Adrenal cystic lymphangiomas are rare benign lesions [1], which are usually asymptomatic, and may be incidentally discovered at imaging work-up, at abdominal surgery or at autopsy [2, 3]. They are quite infrequent in adult subjects, 0.06–0.18% of the general population [3], and appear as thin-walled, fluid density lesions. At CT scan, they usually appear as hypodense, nonenhancing lesions with imaging features that may not fully discriminate lymphangiomas from malignant or hyperfunctioning lesions such as adrenal carcinoma or pheochromocytomas [4]. So, their surgical removal may be necessary to rule out their types of adrenal neoplasms [5, 6, 7].

We report the case of a patient with a right adrenal cystic lymphangioma clinically mimicking a pheochromocytoma and the review of the radiological and pathological features of the tumor.

Case Presentation

A 34-year-old male was admitted to the Endocrinology Department of our hospital because of a severe clinical condition characterized by recurrent episodes of headache, palpitation, and hypertension. Physical findings, including heart and lung examination, were unremarkable. Laboratory tests were normal. During the work-up for his hypertension, an abdominal CT scan was performed, which showed a previously unrecognized mass 6.6 × 3.3 × 4.8 cm in the right adrenal gland. Cystic degeneration was present with nonvascularized walls (Fig. 1).
Fig. 1

The cross-sectional CT image

On the basis of the clinical suspicion of pheochromocytoma, an iodine-123 (123I)-labeled metaiodobenzylguanidine (MIBG) scintigraphy was performed as a complementary examination. The test was substantially negative. The determination of urinary metanephrine provided border-line results (360 mg/24 h with high-performance liquid chromatography [HPLC] method). Serum ACTH, cortisol, and aldosterone were within normal limits. Due to the ambiguous clinical picture and the persistent symptoms, the patient underwent a laparoscopic right adrenalectomy. The postoperative course was uneventful. Two months after surgery, mean blood pressure levels returned to normal. The surgical specimen showed an undamaged adrenal gland, 7.5 × 5.2 × 1.0 cm, occupied by a well-circumscribed multicystic mass measuring 6 × 4 × 1 cm. The numerous cavities of the lesion contained watery fluid (Fig. 2).
Fig. 2

The gross photograph of the resected specimen with cystic spaces, note the residual adrenal tissue (arrow)

These small cystic spaces were characterize by thin walls and were lined by flat, bland endothelial cells. The fibrous septs between the cystic spaces showed foci of normal adrenal tissue (Fig. 3a).
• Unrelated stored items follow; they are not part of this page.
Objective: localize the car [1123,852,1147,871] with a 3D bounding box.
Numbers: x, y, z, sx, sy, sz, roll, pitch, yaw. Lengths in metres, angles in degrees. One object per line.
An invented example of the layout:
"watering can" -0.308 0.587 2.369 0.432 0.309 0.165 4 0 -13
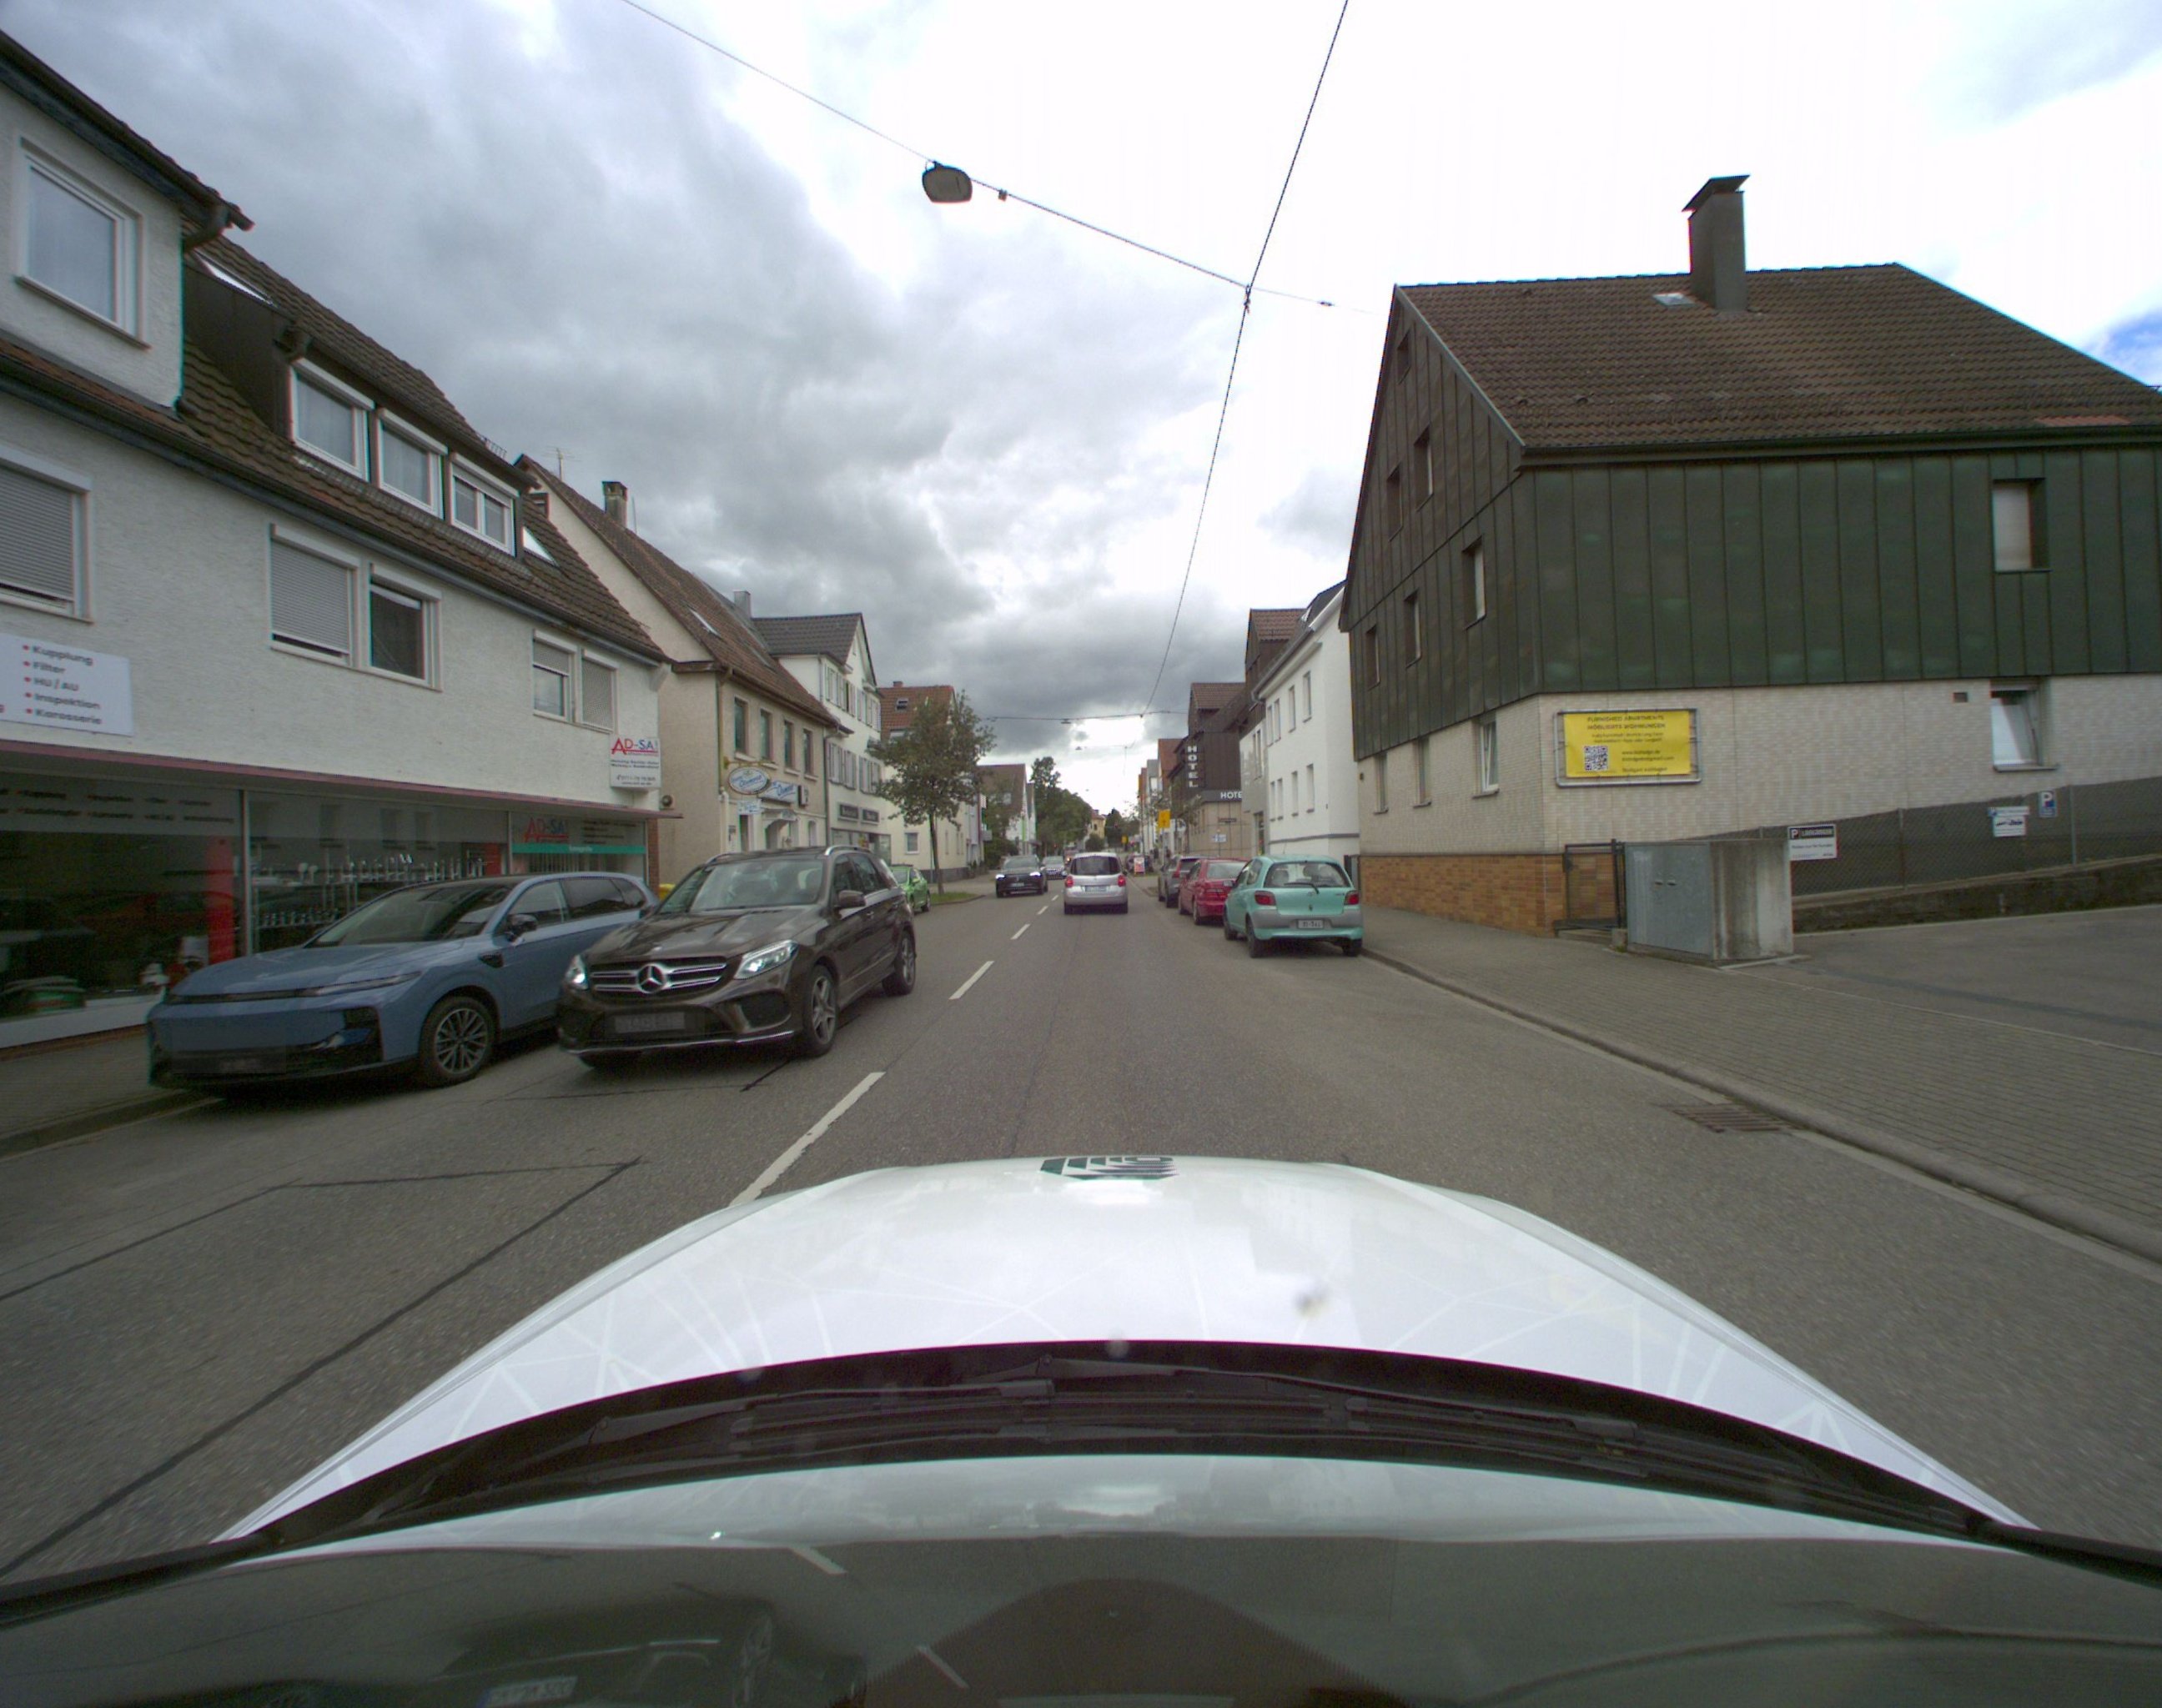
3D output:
"car" 4.378 0.620 66.210 1.695 1.467 4.239 -1 0 1

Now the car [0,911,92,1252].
"car" -5.765 1.076 2.098 1.676 1.499 3.777 -3 0 2

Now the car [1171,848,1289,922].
"car" 3.199 0.616 18.321 1.750 1.445 4.452 -1 0 -1

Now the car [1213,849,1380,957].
"car" 3.344 0.690 13.443 1.824 1.497 3.995 -1 0 2

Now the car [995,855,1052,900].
"car" -2.260 0.887 32.917 1.788 1.578 4.193 -4 0 1

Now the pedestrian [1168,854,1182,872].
"pedestrian" 7.282 0.701 63.102 0.884 1.300 0.967 -6 -1 1

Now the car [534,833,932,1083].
"car" -2.971 0.773 8.186 1.893 1.737 4.368 -3 0 2

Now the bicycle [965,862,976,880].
"bicycle" -7.475 1.128 55.255 0.513 1.153 1.665 -1 0 -1

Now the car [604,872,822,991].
"car" -5.549 1.083 12.832 1.575 1.508 3.814 -1 0 2

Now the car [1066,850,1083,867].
"car" -0.790 0.583 100.018 1.945 2.013 4.001 -1 0 1

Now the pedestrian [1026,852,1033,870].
"pedestrian" -5.642 0.764 89.428 0.759 1.876 0.696 -1 0 1

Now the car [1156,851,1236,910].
"car" 3.285 0.721 24.042 1.868 1.539 4.514 -1 0 2

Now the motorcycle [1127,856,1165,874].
"motorcycle" 4.588 0.767 57.197 2.745 1.183 0.693 -1 0 -29

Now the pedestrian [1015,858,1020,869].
"pedestrian" -7.119 1.058 91.440 0.490 1.278 0.588 -1 0 1

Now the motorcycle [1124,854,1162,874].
"motorcycle" 4.438 0.696 58.246 2.723 1.336 0.693 -1 0 -29

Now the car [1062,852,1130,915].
"car" 0.442 0.742 22.281 1.676 1.566 3.995 -1 0 2

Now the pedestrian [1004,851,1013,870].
"pedestrian" -6.956 0.654 77.933 0.760 1.791 0.890 -1 0 1

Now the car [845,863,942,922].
"car" -5.341 1.042 23.748 1.676 1.447 4.022 -3 0 2

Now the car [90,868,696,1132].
"car" -5.618 1.011 7.586 1.796 1.599 4.306 -3 0 2

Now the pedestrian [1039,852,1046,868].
"pedestrian" -4.705 0.731 99.178 0.714 1.876 0.696 -1 0 1

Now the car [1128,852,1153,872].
"car" 4.449 0.611 61.396 1.695 1.430 3.891 -1 0 1

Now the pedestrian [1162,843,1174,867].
"pedestrian" 7.027 0.070 65.474 0.854 1.928 0.900 -1 0 1

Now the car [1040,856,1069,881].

On immunohistochemical stain, the endothelial cells showed a strong immunoreactivity for CD31, factor VIII, CD34 and D2-40 (Fig. 3b), and absent staining for cytokeratin and calretinin.
Fig. 3

a Multiple dilated cystic spaces filled with pale pink proteinaceous amorphous, homogeneous fluid. The wall is made of fibrous tissue with adrenal cortex cellular groups (H&E × 40). b D2-40 antibody immunostain (× 40) showing positive staining of cystic lining endothelial cells (high-magnification inset)

The conclusive histopathological diagnosis was adrenal cystic lymphangioma.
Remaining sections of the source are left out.